The same day a furious, but perhaps wiser, Mr Stothard explained that he was taking time off for treatment on a tumour and would return when the treatment was over.
Though it is a couple of weeks since this happened, the inquests on the coverage continue. Roy Greenslade, of The Guardian, saw fit to lecture the rest of the press, even though it was his paper that speculated most wildly and most prominently. A sick man had tried to leave his post with dignity, he said, "and ended up mired in a welter of media muck".
And former Mirror editor David Banks, who is suffering from leukaemia, said yesterday: "There cannot be a journalist who didn't feel unease, sympathy and - provided they were fortunate enough not to have taken part in the 'quality' press version of a feeding frenzy - a touch of anger at the revelation that a seriously ill colleague had been 'outed' to protect himself and his newspaper from commercial damage."
Certainly, we all feel sympathy. But if there is any unease to be felt it should be felt by News International and its inept handling of the affair. As the barely believable rumours circulated that Mr Stothard was leaving to spend time looking at The Times' online services, News International responded to callers with a terse one-line statement that he was "taking time off to work on special projects".
I was probably not alone in pointing out to News International's corporate affairs office that such a brief, enigmatic statement was unsatisfactory and would inevitably lead to several hundred words of speculation in the next day's press. I was also probably not alone in being told in so many words by News International, "Too bad. That's all you're going to get." But the departure, even a temporary one, of the editor of The Times is too important a media matter to be relegated to the briefs column, especially when the proprietor has a history of liking to keep his staff in a state of permanent insecurity.

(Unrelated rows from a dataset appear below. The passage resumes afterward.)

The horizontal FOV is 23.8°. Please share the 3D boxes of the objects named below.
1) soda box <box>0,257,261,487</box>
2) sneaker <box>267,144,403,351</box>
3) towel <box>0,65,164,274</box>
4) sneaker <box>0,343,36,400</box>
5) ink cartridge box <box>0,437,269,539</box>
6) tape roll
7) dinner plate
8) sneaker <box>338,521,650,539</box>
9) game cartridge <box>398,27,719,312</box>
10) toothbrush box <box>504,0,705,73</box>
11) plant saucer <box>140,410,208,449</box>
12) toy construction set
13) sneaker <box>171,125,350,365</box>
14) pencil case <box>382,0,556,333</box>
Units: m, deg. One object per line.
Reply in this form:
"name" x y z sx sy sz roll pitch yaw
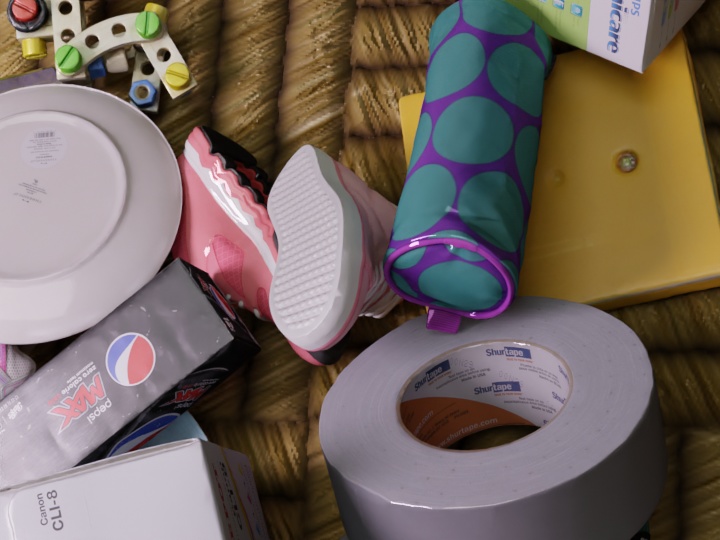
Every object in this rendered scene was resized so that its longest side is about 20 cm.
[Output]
"soda box" -0.165 0.083 1.100 0.199 0.063 0.071 -38 74 5
"sneaker" 0.000 0.000 1.067 0.075 0.104 0.201 -47 23 18
"towel" -0.235 -0.058 1.197 0.142 0.023 0.201 -14 59 -27
"sneaker" -0.260 0.017 1.200 0.087 0.082 0.202 3 59 -9
"ink cartridge box" -0.127 0.187 0.983 0.143 0.200 0.147 -15 81 2
"tape roll" 0.078 0.097 1.002 0.198 0.067 0.201 -10 31 6
"dinner plate" -0.218 -0.046 1.143 0.198 0.024 0.202 -2 61 3
"sneaker" 0.077 0.176 1.031 0.198 0.071 0.081 -16 64 12
"game cartridge" 0.131 -0.055 1.116 0.198 0.032 0.178 -13 69 17
"toothbrush box" 0.135 -0.233 1.112 0.199 0.087 0.146 27 53 23
"plant saucer" -0.177 0.171 1.138 0.199 0.039 0.203 -6 70 16
"toy construction set" -0.188 -0.211 1.233 0.130 0.092 0.202 -6 69 -1
"sneaker" -0.077 -0.002 1.156 0.087 0.074 0.201 -44 60 17
"pencil case" 0.069 -0.069 1.055 0.084 0.093 0.202 14 56 -2
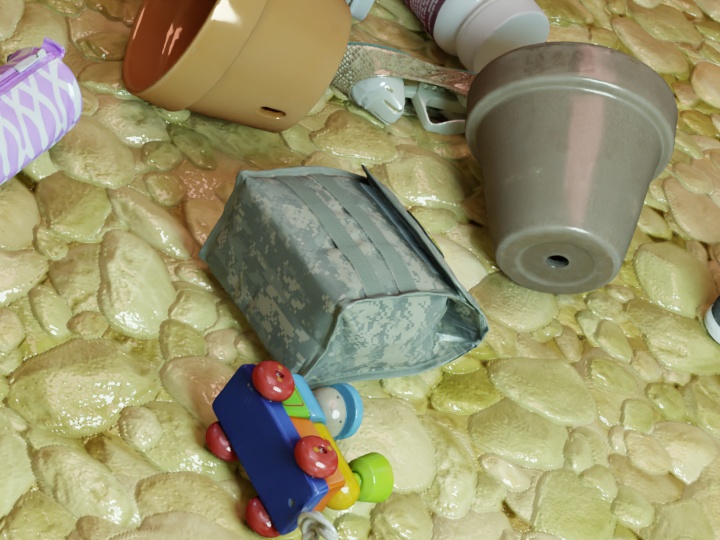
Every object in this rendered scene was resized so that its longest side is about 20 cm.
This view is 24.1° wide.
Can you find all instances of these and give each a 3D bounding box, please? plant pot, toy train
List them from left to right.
[{"bbox_3d":[-0.102,-0.215,1.503,0.139,0.200,0.201,27,36,-27],"label":"plant pot"},{"bbox_3d":[-0.020,0.159,1.231,0.115,0.085,0.201,4,44,-46],"label":"toy train"},{"bbox_3d":[0.187,-0.081,1.533,0.199,0.200,0.176,17,57,-13],"label":"plant pot"}]

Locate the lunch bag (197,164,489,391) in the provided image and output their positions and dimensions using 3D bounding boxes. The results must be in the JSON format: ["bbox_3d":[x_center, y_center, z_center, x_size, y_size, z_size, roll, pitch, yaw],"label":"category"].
[{"bbox_3d":[0.000,0.000,1.379,0.199,0.118,0.164,-5,48,-43],"label":"lunch bag"}]

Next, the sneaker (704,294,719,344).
[{"bbox_3d":[0.433,0.024,1.606,0.199,0.112,0.073,-2,49,-32],"label":"sneaker"}]

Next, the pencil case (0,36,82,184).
[{"bbox_3d":[-0.300,-0.112,1.344,0.084,0.086,0.200,32,40,7],"label":"pencil case"}]

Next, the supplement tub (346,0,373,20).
[{"bbox_3d":[-0.066,-0.345,1.683,0.199,0.146,0.146,23,40,-7],"label":"supplement tub"}]

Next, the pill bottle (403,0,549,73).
[{"bbox_3d":[0.104,-0.296,1.754,0.114,0.115,0.200,-9,53,-37],"label":"pill bottle"}]

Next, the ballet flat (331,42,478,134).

As it happens, there were rumours that Mr Stothard was ill, but it would have been an intrusion to print them without any confirmation. Instead, the only option left was to report News International's inadequate statement and try to help readers by looking at how The Times had been performing and the record of the proprietor in dealing, not always fairly, with his editors.
Not good enough, says Greenslade. "In this era of practised spin doctors, are we now so consumed with conspiracy theories that we cannot accept anything at face value?"
Let's get real, as the editor of The Times might not say. Accept at face value the explanation that The Times editor is going to stop editing his paper for six months for no apparent reason? That would be sloppy, uninquisitive journalism.
Peter Stothard now admits he would have been better off to have explained properly at the time why he was leaving. News International did him no favours with a statement that provoked more questions than answers. But if they are clumsy and irritating, they are not uniquely so. Newspapers can be surprisingly poor communicators about their own affairs. The corporate offices need only to give guidance, on or off the record, to inquiring journalists. It is, after all, what happens when writing stories about other industries. Terse one-liners lead to speculation that can damage the subject of the article and baffle the readers.